As defined by IEC 60559 (or the US standard IEEE-754) Division of zero by zero yields NaN, division of a floating-point number by positive zero or literal constant zero yields an INF value with the same sign as the dividend, and division of a floating-point number by negative zero yields an INF with the opposite sign.
根据 IEC 60559(或美国标准 IEEE-754)的定义,零除以零产生 NaN,浮点数除以正零或字面常量零产生与被除数相同符号的 INF 值,然后除法一个浮点数除以负零产生一个符号相反的 INF。
回答by kennytm
I've only got the C99 draft. In §7.12/4 it says:
我只有 C99 草案。在 §7.12/4 中它说:
The macro
INFINITYexpands to a constant expression of type float representing positive or unsigned infinity, if available; else to a positive constant of type
floatthat overflows at translation time.
宏
INFINITY如果可用,扩展为表示正无穷大或无符号无穷大的 float 类型的常量表达式;else 类型
float为在翻译时溢出的正常量。
Note that INFINITYcan be defined in terms of floating-point overflow, not necessarily divide-by-zero.
请注意,INFINITY可以根据浮点溢出来定义,不一定要除以零。
回答by king_nak
For the INFINITY macro: there is a explicit coding to represent +/- infinity in the IEEE754 standard, which is if all exponent bits are set and all fraction bits are cleared (if a fraction bit is set, it represents NaN)
对于 INFINITY 宏:在 IEEE754 标准中有一个明确的编码来表示 +/- 无穷大,即如果所有指数位都被设置并且所有小数位都被清除(如果小数位被设置,它代表 NaN)
With my compiler, (int) INFINITY == -2147483648, so an expression that evaluates to int i = 1/0would definitely produce wrong results if INFINITIY was returned
使用我的编译器,如果返回 INFINITIY,则计算结果(int) INFINITY == -2147483648为 的表达式int i = 1/0肯定会产生错误的结果
回答by Jose_X
Bottom line, C99 (as per your quotes) does not say anything about INFINITY in the context of "implementation-defined". Secondly, what you quoted does not show inconsistent meaning of "undefined behavior".
最重要的是,C99(根据您的报价)在“实现定义”的上下文中没有说明关于 INFINITY 的任何内容。其次,您引用的内容并未显示“未定义行为”的不一致含义。
[Quoting Wikipedia's Undefined Behavior page] "In C and C++, implementation-defined behavior is also used, where the language standard does not specify the behavior, but the implementation must choose a behavior and needs to documentand observe the rules it chose."
[引用维基百科的未定义行为页面]“在 C 和 C++ 中,也使用实现定义的行为,其中语言标准没有指定行为,但实现必须选择一种行为,并且需要记录和遵守它选择的规则。”
More precisely, the standard means "implementation-defined" (I think only) when it uses those words with respect to the statement made since "implementation-defined" is a specific attribute of the standard.
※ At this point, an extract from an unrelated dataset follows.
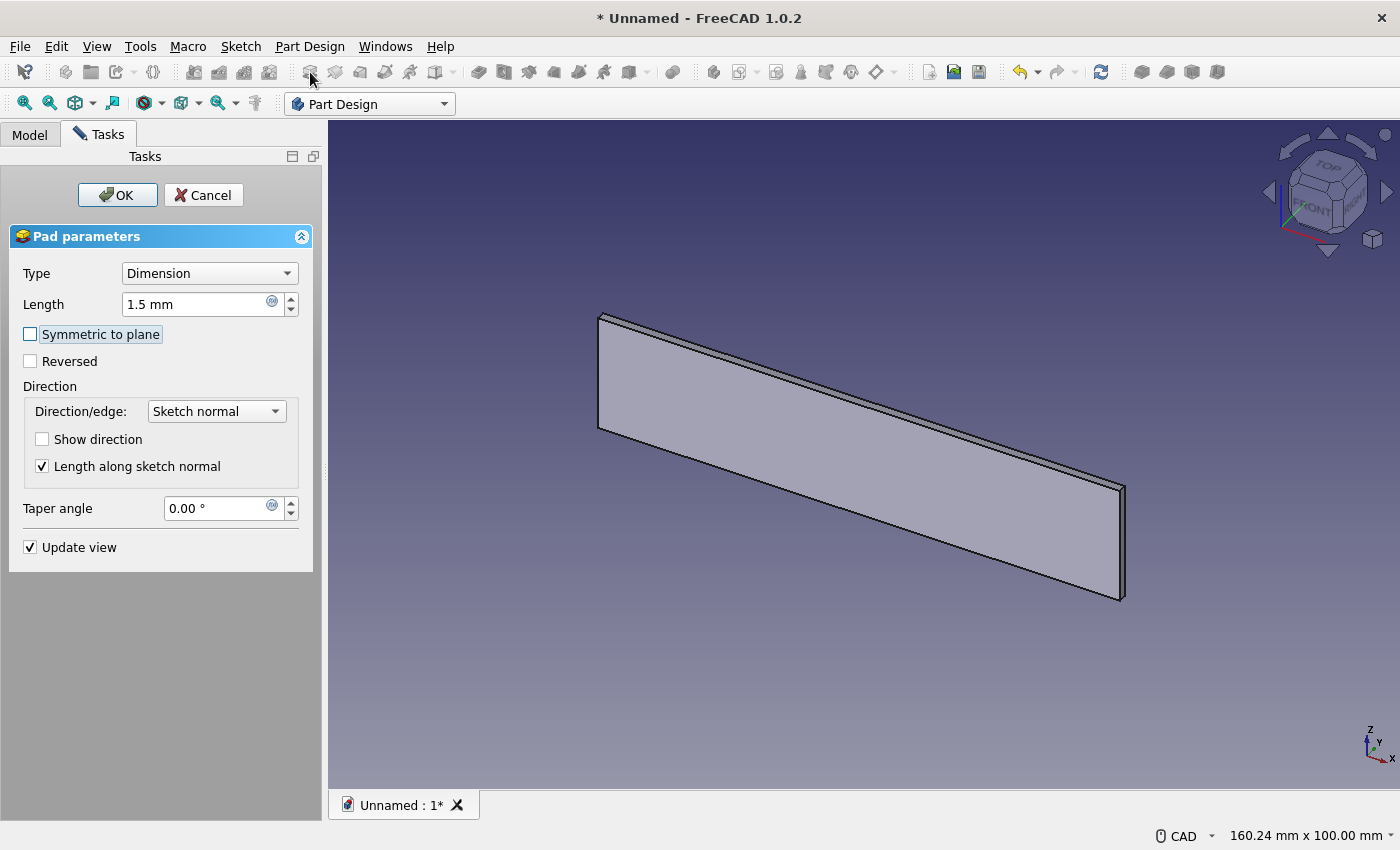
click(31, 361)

The quote of C99 7.12p4 didn't mention "implementation-defined".
更准确地说,该标准的意思是“实现定义的”(我认为只是),当它针对所做的陈述使用这些词时,因为“实现定义的”是标准的一个特定属性。C99 7.12p4 的引用没有提到“实现定义”。
[From C99 std (late draft)] "undefined behavior: behavior, upon use of a nonportable or erroneous program construct or of erroneous data, for which this International Standard imposes no requirements"
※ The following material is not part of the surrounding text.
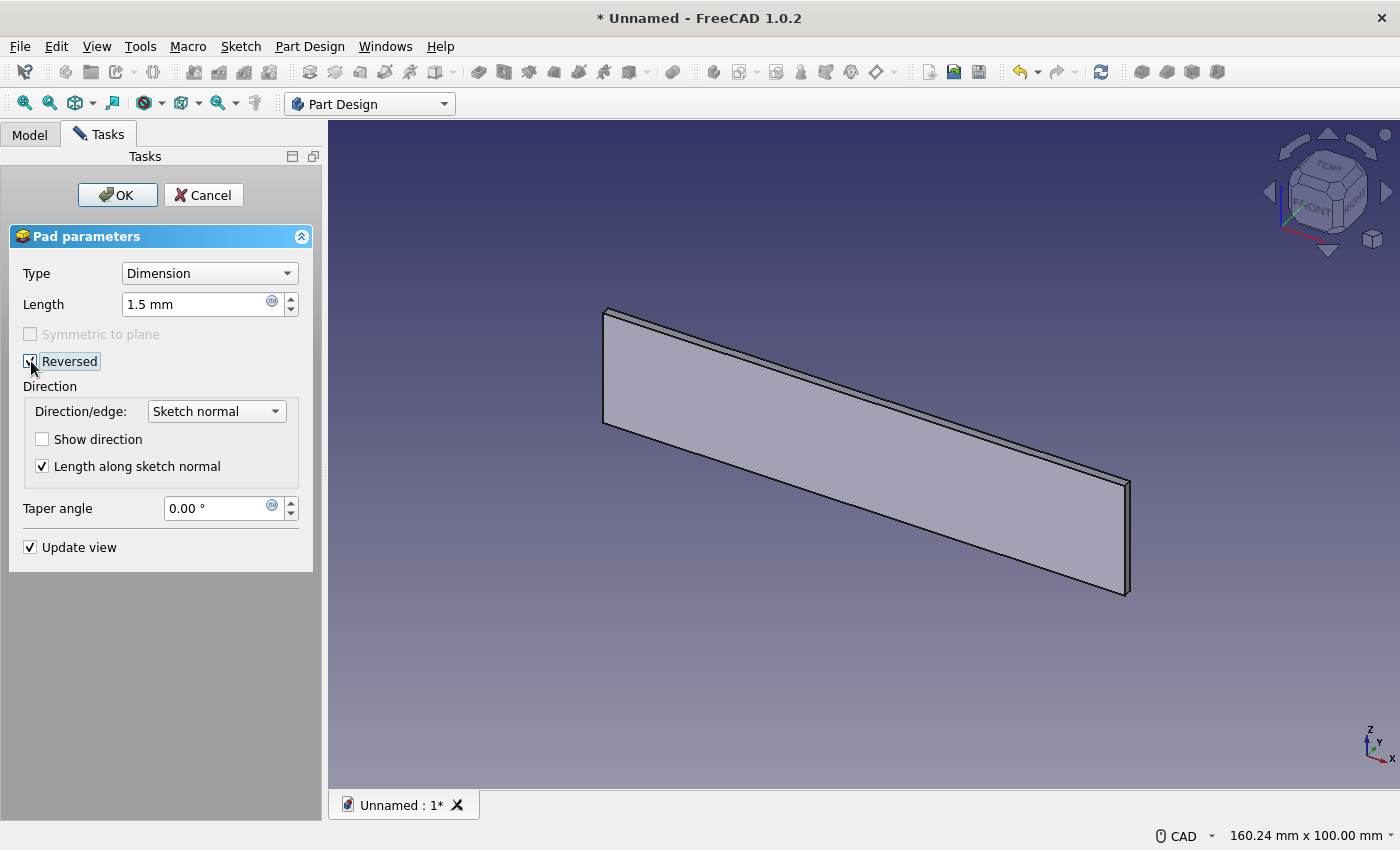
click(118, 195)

[来自 C99 std(后期草案)]“未定义行为:在使用不可移植或错误的程序结构或错误数据时的行为,本国际标准对此不作任何要求”
Note there is "no requirement" imposed for undefined behavior!
请注意,对于未定义的行为,“没有要求”!
[C99 ..] "implementation-defined behavior: unspecified behavior where each implementation documents how the choice is made"
[C99 ..]“实现定义的行为:未指定的行为,其中每个实现都记录了如何做出选择”
[C99 ..] "unspecified behavior: use of an unspecified value, or other behavior where this International Standard provides two or more possibilities and imposes no further requirements on which is chosen in any instance"
[C99 ..]“未指定的行为:使用未指定的值,或本国际标准提供两种或多种可能性并且在任何情况下都没有对选择的进一步要求强加的其他行为”
Documentation is a requirement for implementation-defined behavior.
文档是实现定义行为的必要条件。